SPARSH’s project cost of Rs 158 crore is anything but expensive, constituting 0.13% of the overall defence pensions budget of Rs 1,19,696 crore. This cost has anyway been docked to the DAD’s running expenses and not to the pensions budget. Besides, of this total cost, some Rs 68 crore has been expended on installing hardware, Rs 10 crore on software development and the remaining Rs 70 crore has been allocated to servicing the project till 2027.
Secondly, the bogey of poor Internet connectivity is ironic given the impending nationwide introduction of 5G communication networks. Moreover, no pensioner has to personally execute any operation on the SPARSH portal for sanction and disbursement of pension, obviating all hurdles of veterans being technologically challenged. As for grievance redressal, or any other assistance needed for tracking the sanction or disbursement of pensions, the DAD has instituted an elaborate resolution network.

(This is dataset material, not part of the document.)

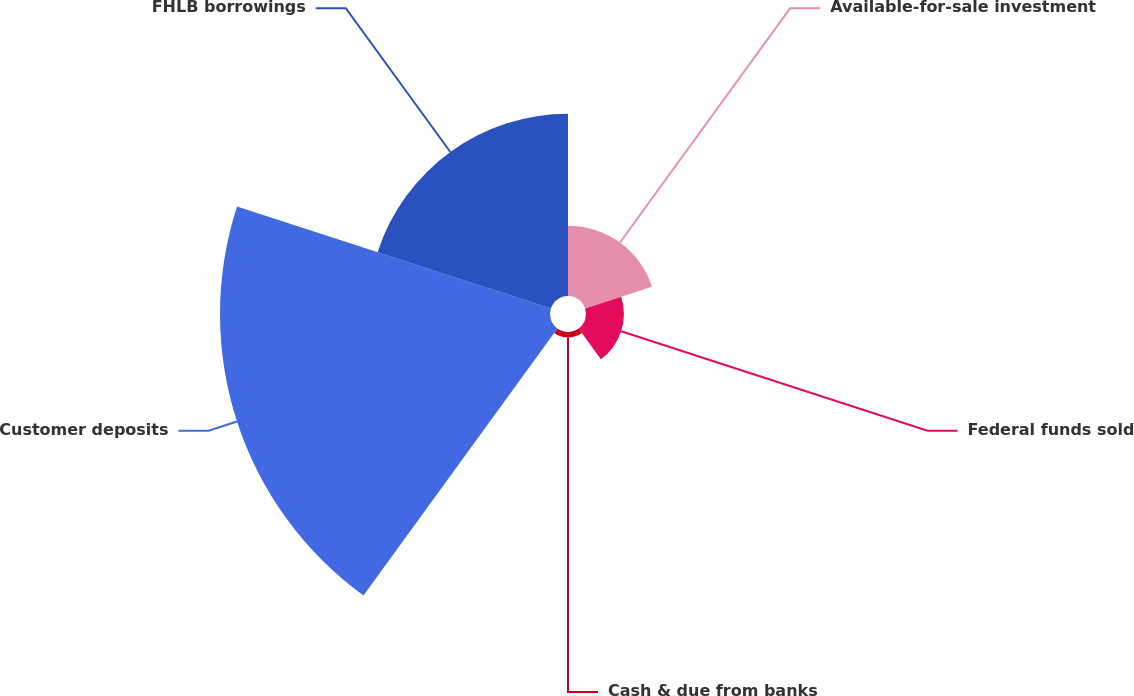<chart> <loc_0><loc_0><loc_500><loc_500><pie_chart><fcel>Available-for-sale investment<fcel>Federal funds sold<fcel>Cash & due from banks<fcel>Customer deposits<fcel>FHLB borrowings<nl><fcel>11.24%<fcel>6.06%<fcel>0.87%<fcel>52.72%<fcel>29.11%<nl></chart> 
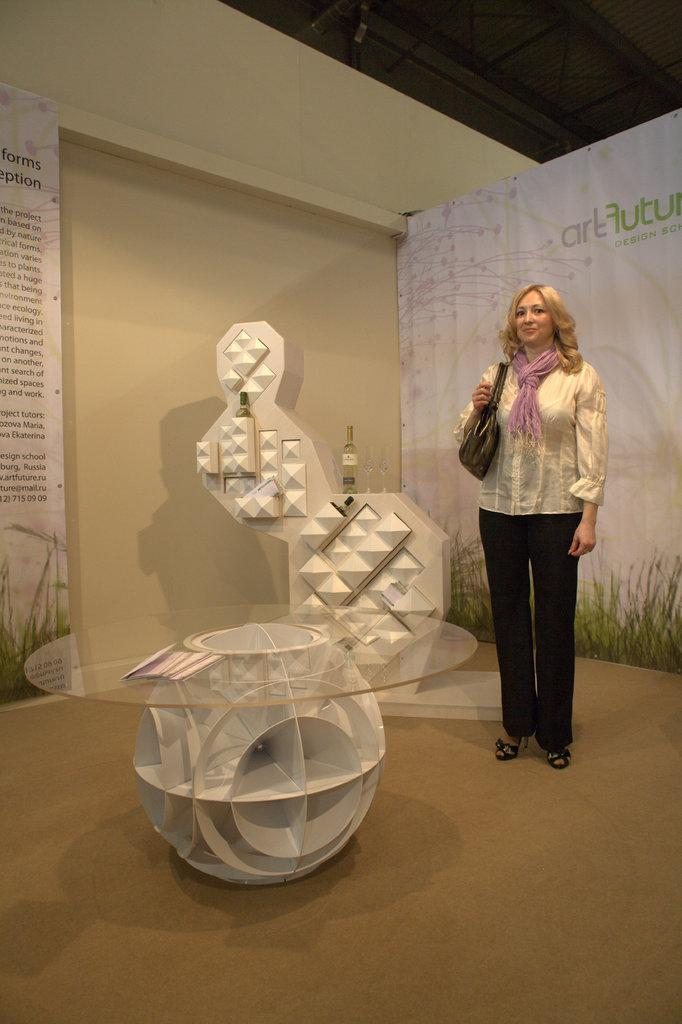Who or what is present in the image? There is a person in the image. What is the person wearing? The person is wearing a bag. What is behind the person? The person is standing in front of a banner. What objects are in front of the wall? There is a table and a rack in front of the wall. Can you see the iron in the image? There is no iron present in the image. What type of station is depicted in the image? There is no station present in the image. 
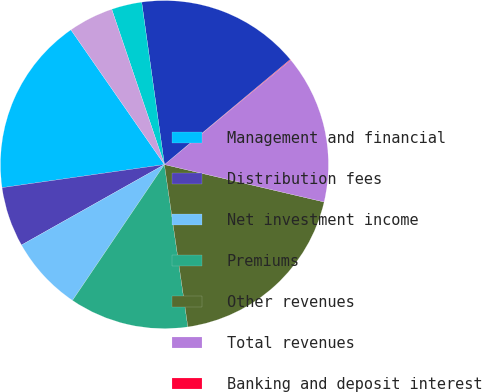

This comprises 4.5 lakh Common Service Centres of the Ministry of Electronics and Information Technology spread across the country, down to the level of each 6,614 Gram Panchayats which provide varied services. This network is further supplemented by 197 Regimental Record and other DAD Offices and more than 800 branches of two public and one private sector banks with many more expected to pitch in.
By the time SPARSH is fully implemented, all veterans will be able to receive assistance regarding their pensions within a 5 km radius of their homes. Expectedly, this service will come at a price, but reliable sources indicate that this may be no more than Rs 10 crore annually, significantly less than the Rs 200-odd crore that is presently paid each year to banks as service charges for disbursing pensions.
The apprehension that the DAD wants to expand its empire to ‘dominate’ the armed forces with its financial clout is equally outlandish, as the strength of the DAD’s 64-odd Defence Pension Disbursement Offices, which will also function as service centres, is likely be halved with SPARSH gaining ascendency.
The averment by veterans that SPARSH is inadequate betrays ignorance and an inherent bias against DAD. As always, the proof of the pudding lies in the eating and SPARSH has, so far, amply vindicated itself. It has reduced the average time taken for sanctioning pensions to current retirees from four months to just 17 days, for disbursement of the first payment of gratuity and commuted pensions from one month to 1-2 days, and grievance redressal from 30 days to merely 3-4 days.
Amit Cowshish is a former financial advisor (acquisitions), Ministry of Defence.